Work order = The listing that follows should be copied in full and exactly, with no pictures.

..........

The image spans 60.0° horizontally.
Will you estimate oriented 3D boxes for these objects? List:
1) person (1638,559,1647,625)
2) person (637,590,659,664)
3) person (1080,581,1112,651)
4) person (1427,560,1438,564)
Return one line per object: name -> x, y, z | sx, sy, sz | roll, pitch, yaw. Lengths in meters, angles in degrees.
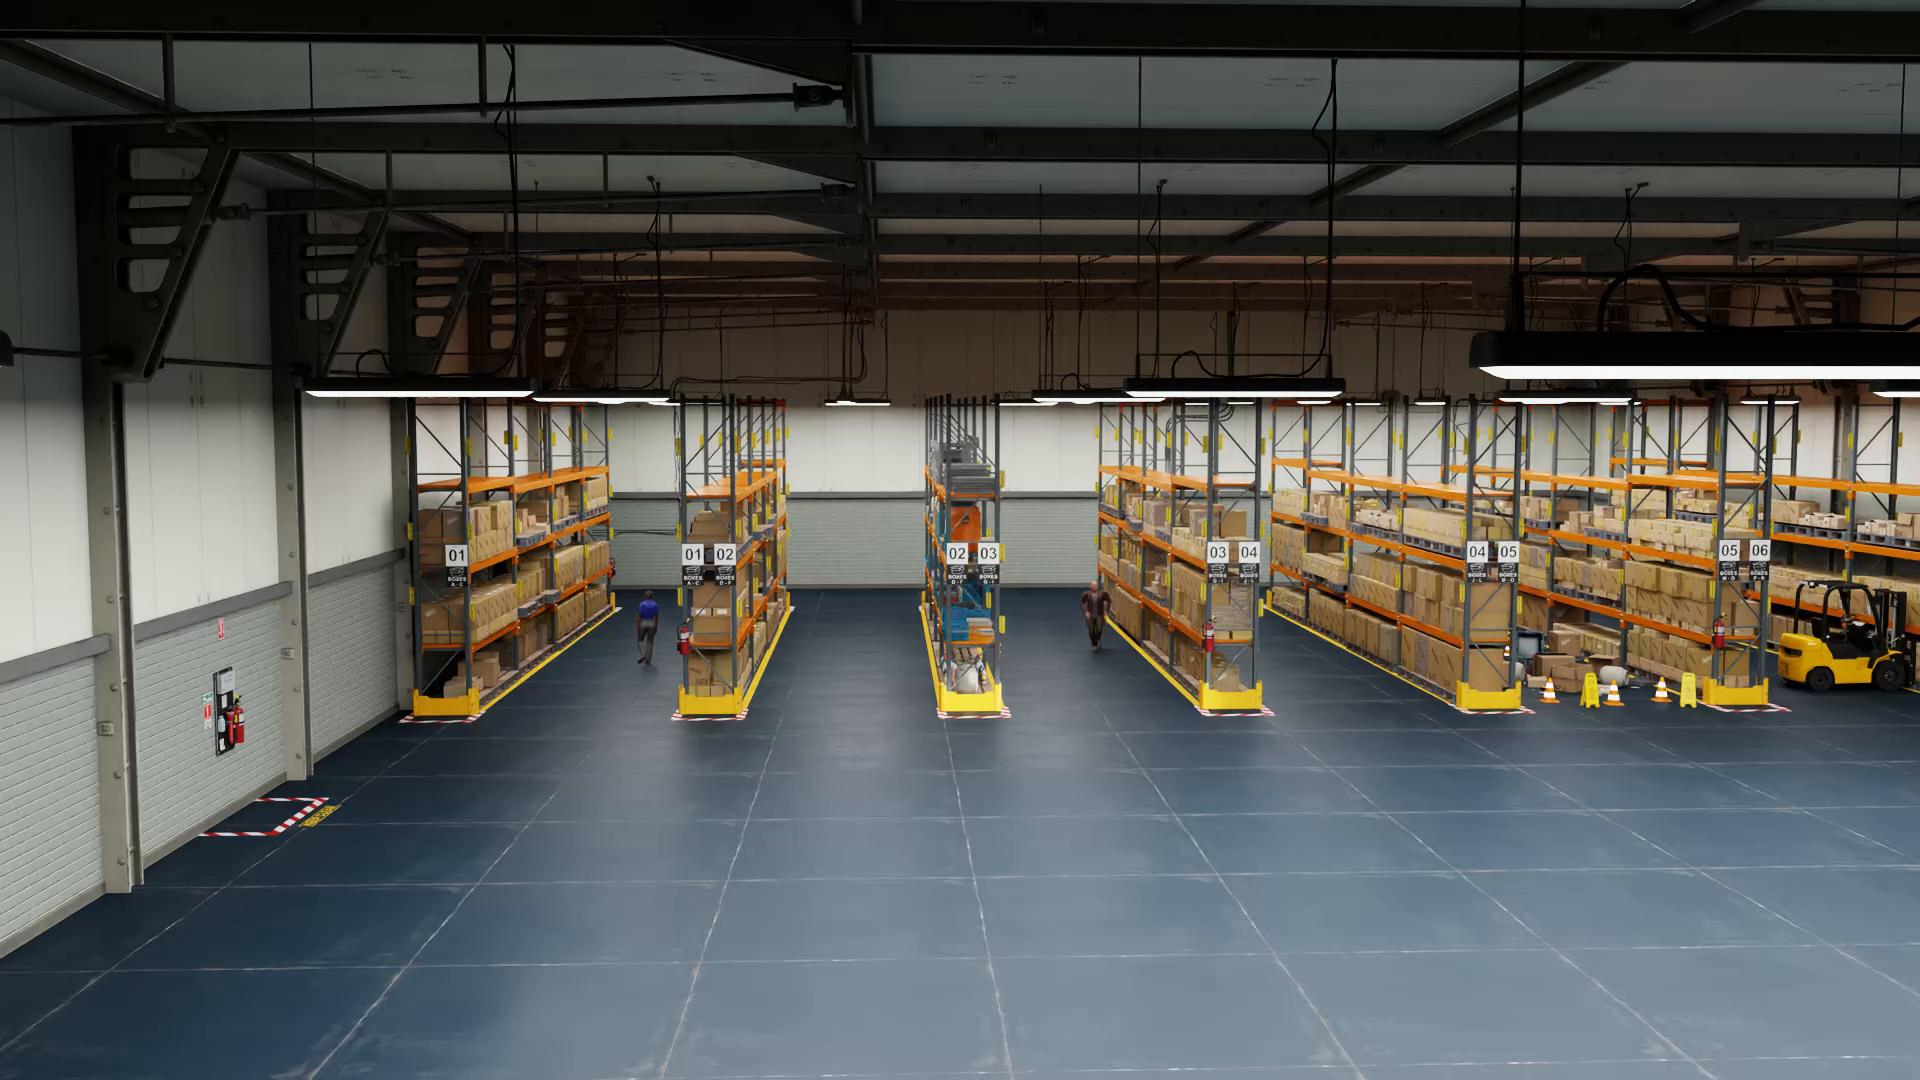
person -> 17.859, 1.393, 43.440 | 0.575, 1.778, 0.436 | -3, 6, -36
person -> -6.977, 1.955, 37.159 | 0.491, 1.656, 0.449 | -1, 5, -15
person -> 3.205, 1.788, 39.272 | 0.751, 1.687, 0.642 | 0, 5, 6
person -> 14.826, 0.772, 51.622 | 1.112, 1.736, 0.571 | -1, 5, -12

..........

Response area =
The image spans 60.0° horizontally.
Will you estimate oriented 3D boxes for these objects? List:
1) person (1638,559,1647,625)
2) person (637,590,659,664)
3) person (1080,581,1112,651)
4) person (1427,560,1438,564)
Return one line per object: name -> x, y, z | sx, sy, sz | roll, pitch, yaw. Lengths in meters, angles in degrees.
person -> 17.859, 1.393, 43.440 | 0.575, 1.778, 0.436 | -3, 6, -36
person -> -6.977, 1.955, 37.159 | 0.491, 1.656, 0.449 | -1, 5, -15
person -> 3.205, 1.788, 39.272 | 0.751, 1.687, 0.642 | 0, 5, 6
person -> 14.826, 0.772, 51.622 | 1.112, 1.736, 0.571 | -1, 5, -12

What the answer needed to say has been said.